3) How many steps should I use?
Use 12–20 steps for previews and 28–40 for production. Guidance scale 3–5 is often sufficient.
4) Does FLUX 2 Dev support multi-reference?
Yes. You can combine multiple reference images (2–10) for character, style, or brand consistency in a single run.
5) Can I run FLUX 2 Dev on a single GPU?
With 4-bit/FP8 pipelines and weight streaming, FLUX 2 Dev can run on high-end RTX cards (e.g., 4090) within ~14–18 GB VRAM.

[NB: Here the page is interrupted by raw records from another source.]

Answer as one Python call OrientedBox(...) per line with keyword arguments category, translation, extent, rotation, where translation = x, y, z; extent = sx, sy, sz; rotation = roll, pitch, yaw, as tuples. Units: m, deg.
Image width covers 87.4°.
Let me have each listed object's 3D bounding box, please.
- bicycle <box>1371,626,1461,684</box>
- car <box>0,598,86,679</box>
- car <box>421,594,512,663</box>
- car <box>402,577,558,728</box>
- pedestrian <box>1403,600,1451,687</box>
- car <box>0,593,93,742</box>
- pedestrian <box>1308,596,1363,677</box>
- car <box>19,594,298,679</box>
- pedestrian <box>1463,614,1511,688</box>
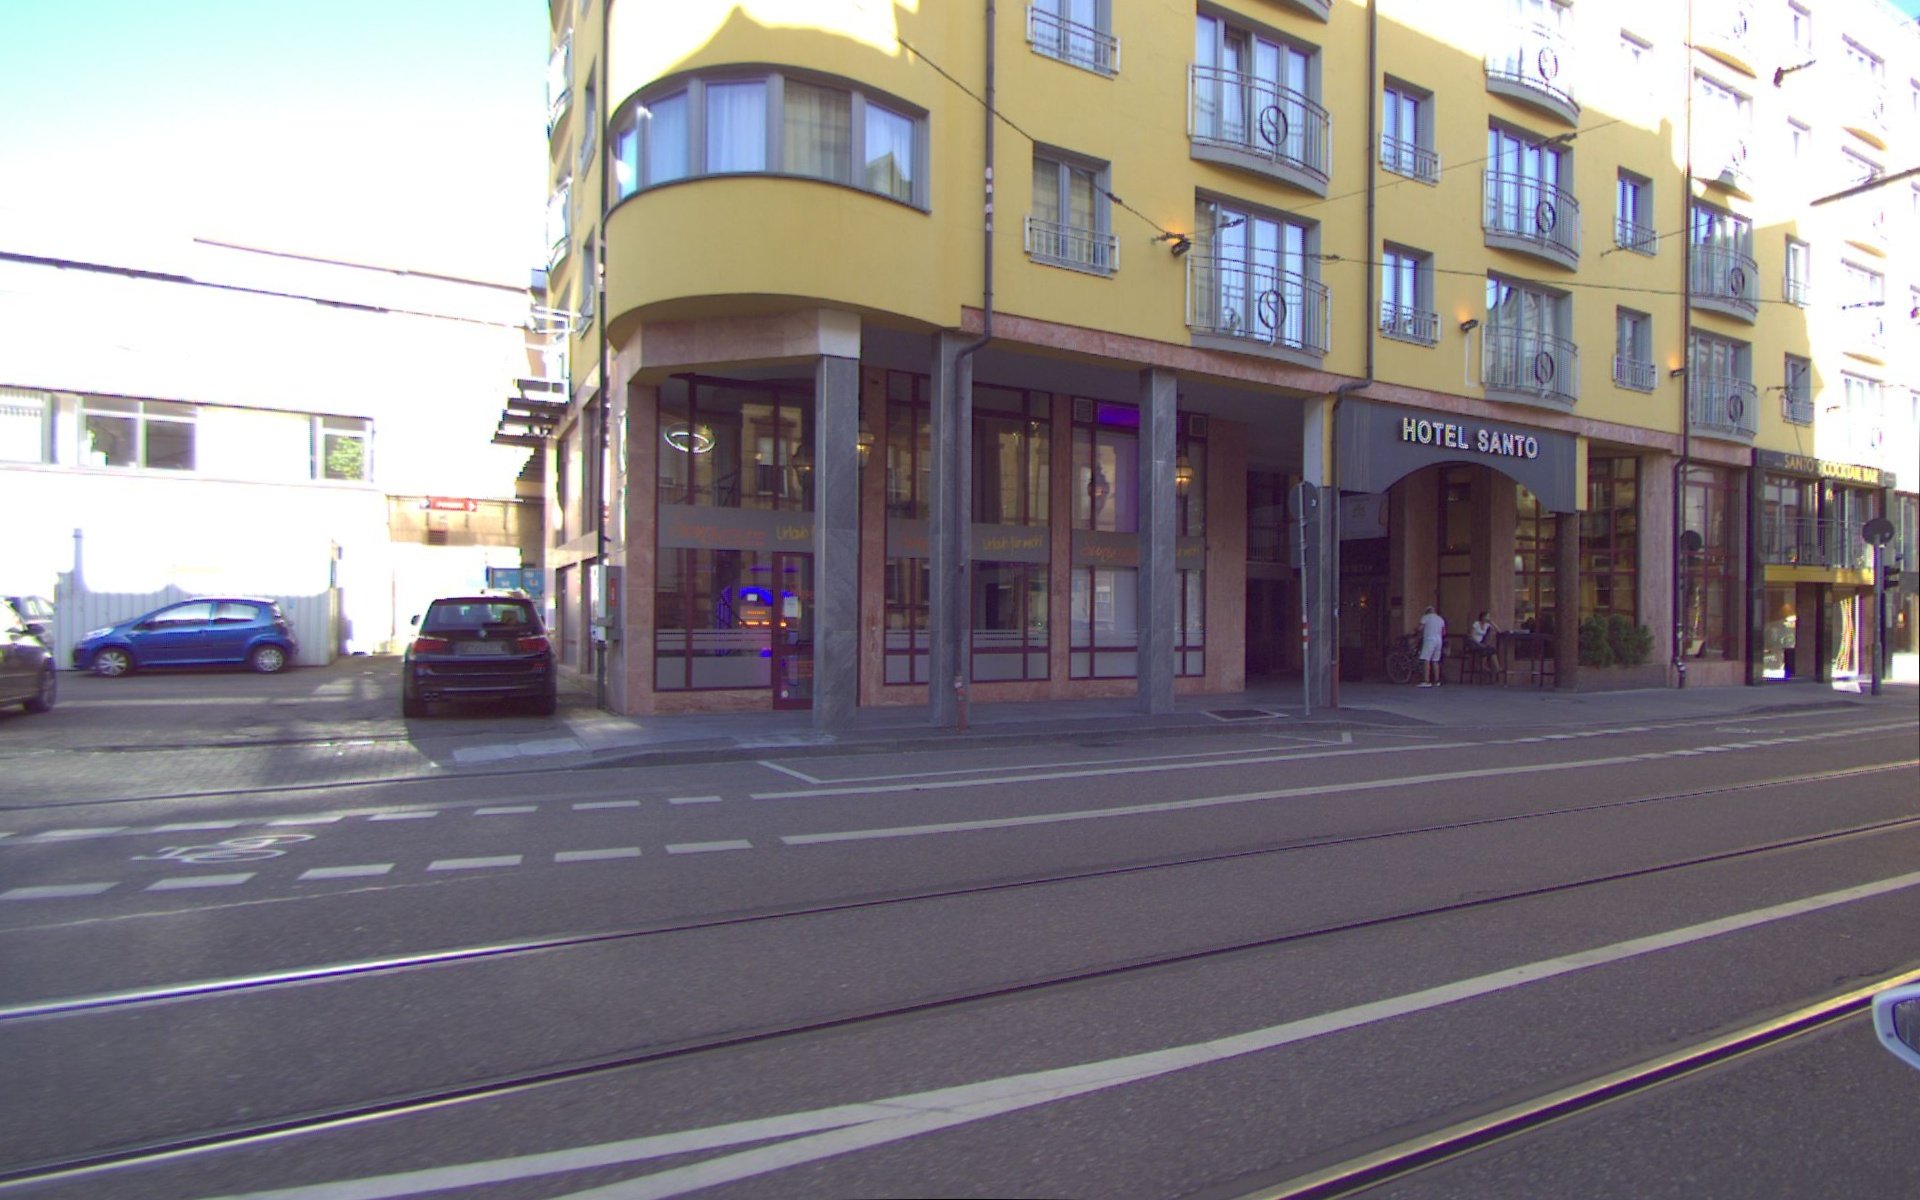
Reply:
OrientedBox(category="bicycle", translation=(9.979, 1.194, 21.958), extent=(2.052, 1.219, 0.580), rotation=(1, 0, -25))
OrientedBox(category="car", translation=(-19.049, 0.725, 20.118), extent=(1.676, 1.499, 3.561), rotation=(1, -1, -30))
OrientedBox(category="car", translation=(-11.757, 0.642, 23.834), extent=(1.676, 1.499, 3.561), rotation=(1, -1, -30))
OrientedBox(category="car", translation=(-6.979, 0.664, 14.466), extent=(1.763, 1.836, 4.216), rotation=(1, -1, -28))
OrientedBox(category="pedestrian", translation=(9.881, 0.910, 21.265), extent=(0.713, 1.793, 0.559), rotation=(1, 0, -24))
OrientedBox(category="car", translation=(-11.859, 0.726, 11.682), extent=(1.763, 1.569, 4.215), rotation=(2, 0, -28))
OrientedBox(category="pedestrian", translation=(8.497, 0.818, 22.752), extent=(0.943, 1.793, 0.705), rotation=(1, 0, -24))
OrientedBox(category="car", translation=(-15.064, 0.670, 19.200), extent=(3.957, 1.473, 1.769), rotation=(1, -1, -33))
OrientedBox(category="pedestrian", translation=(11.361, 1.086, 21.669), extent=(0.593, 1.568, 0.703), rotation=(1, 0, -24))

6) How to deploy FLUX 2 Dev at the edge?
Use Cloudflare Workers AI model @cf/black-forest-labs/flux-2-dev and the env.AI.run() API for global, low-latency responses.
7) What resolutions does FLUX 2 Dev support?
FLUX 2 Dev decodes up to ~4MP (4K-class). Start at 1024×1024 or 1536×1024 and upscale if needed.
8) How good is FLUX 2 Dev at text rendering?
It significantly improves text fidelity over FLUX.1 and many diffusion peers, making it strong for UI mockups and posters.
9) What are best practices for prompting FLUX 2 Dev?
Use natural, long prompts; include layout hints and hex colors. Keep guidance moderate (3–5) and set seeds for reproducibility.
10) Where can I find FLUX 2 Dev resources?
Search for the official FLUX 2 blog, Hugging Face model card “black-forest-labs/FLUX.2-dev”, Diffusers docs for Flux2Pipeline, and Cloudflare Workers AI model docs.